Words: Jason Rolfe and Copi Vojta. Photos: Copi Vojta 2024-06-17 10:09:51

Four folks waist-deep in a fishy spot during the Cheeky Schoolie Tournament. From left to right, anglers Natalie Rhea, Paul Nicoletti, Peter Markano and Rex Messing strip, pause, double-haul and laugh the morning away during the 12th annual rendezvous on Cape Cod.

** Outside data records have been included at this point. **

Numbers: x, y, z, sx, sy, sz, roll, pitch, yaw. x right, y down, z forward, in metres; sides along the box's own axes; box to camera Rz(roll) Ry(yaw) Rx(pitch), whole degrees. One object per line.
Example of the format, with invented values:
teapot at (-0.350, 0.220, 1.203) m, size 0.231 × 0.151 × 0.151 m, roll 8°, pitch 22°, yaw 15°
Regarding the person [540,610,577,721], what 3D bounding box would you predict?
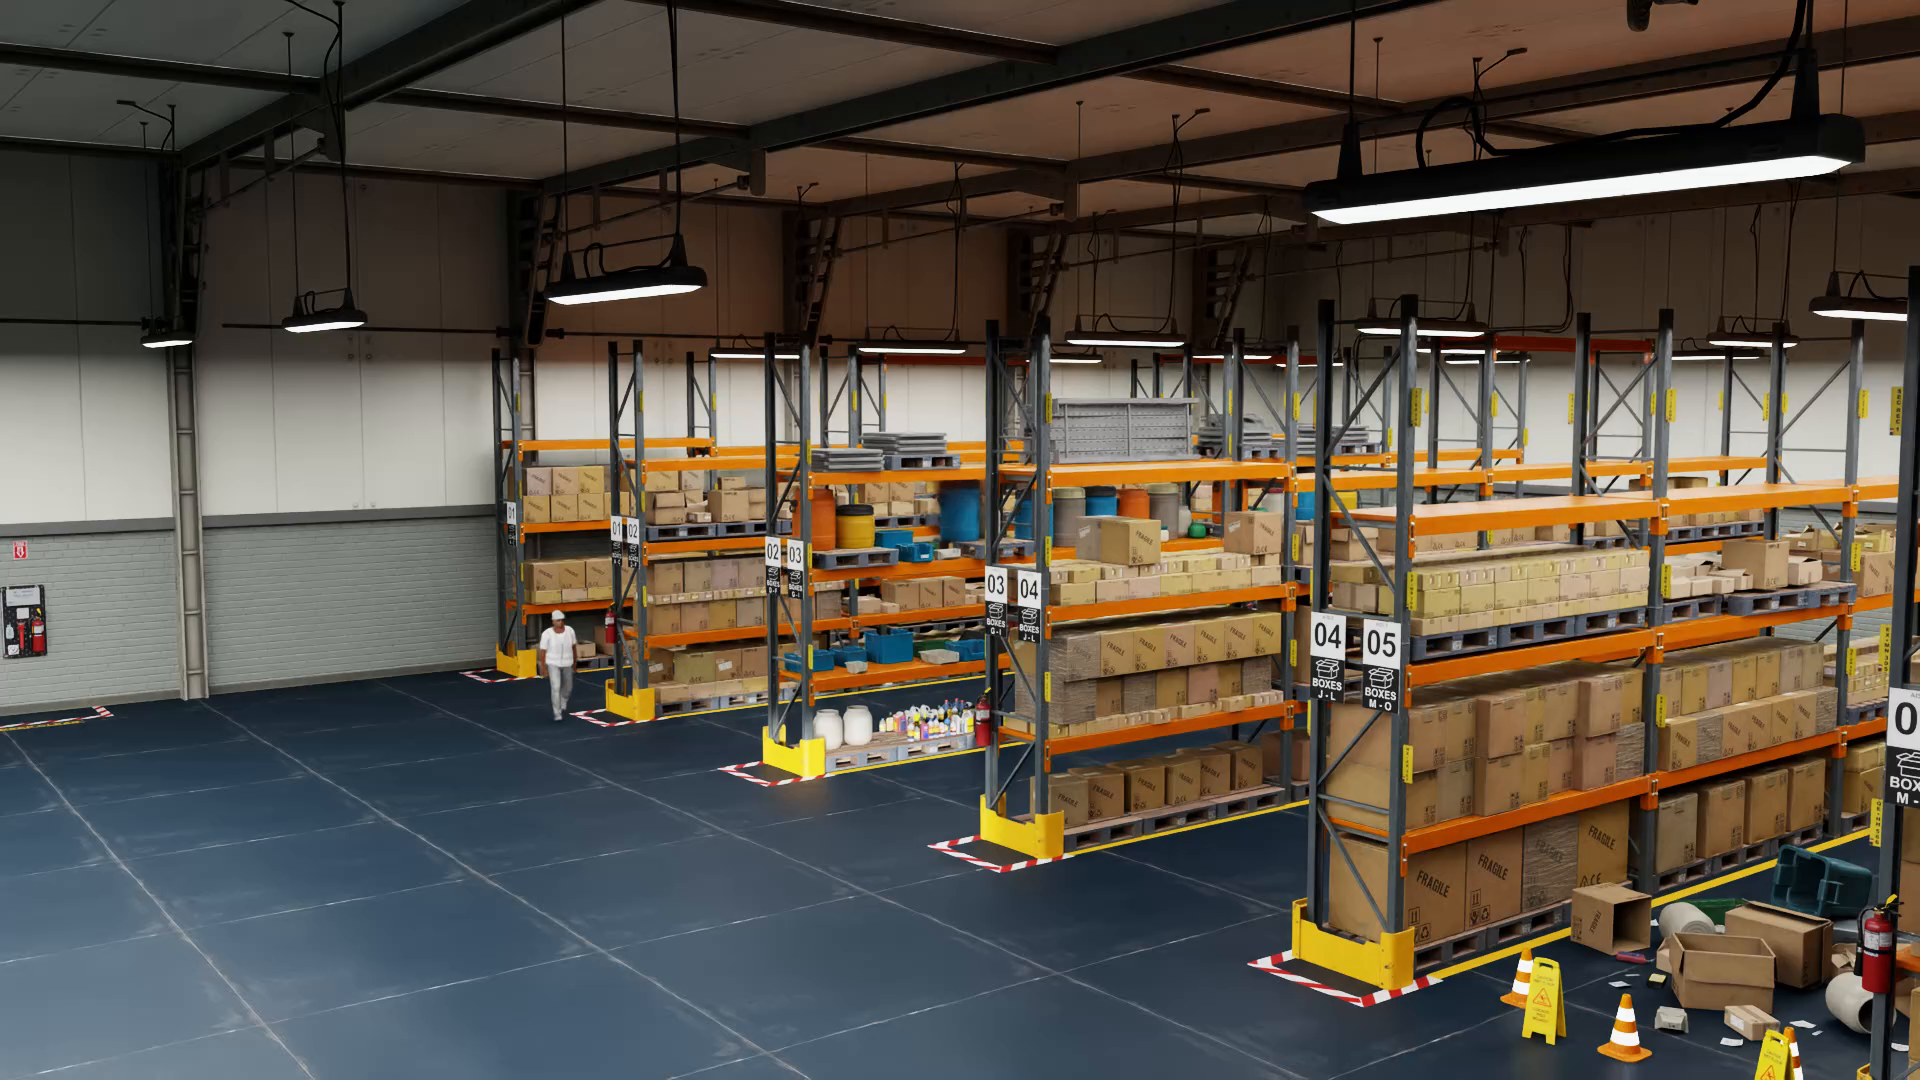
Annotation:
person at (-6.395, 1.968, 26.479) m, size 0.582 × 1.736 × 0.911 m, roll -2°, pitch 5°, yaw -21°

Fishing tournaments are a funny thing—anathema to some, raison d’être to others. The Flyfish Journal’s editorial crew falls decidedly closer to the anathema end of the spectrum, but after invitations to a couple of tournaments in mid-2023—the Cheeky Schoolie Tournament in Cape Cod and the Schmoots Clooper Invitational carp tournament in eastern Washington state—the two were surprised to find that perhaps they do have a competitive bone somewhere in their bodies (however small). It turns out the sweet smell of victory is varied as a field of wildflowers. In these tournaments participation trophies are the true grand prize. Jason Rolfe and Copi Vojta sat down for a post-piscatorem when the dust had settled in an effort to make sense of this new “competitive” landscape and share a few reflections on the value these events hold for the futures of our fisheries.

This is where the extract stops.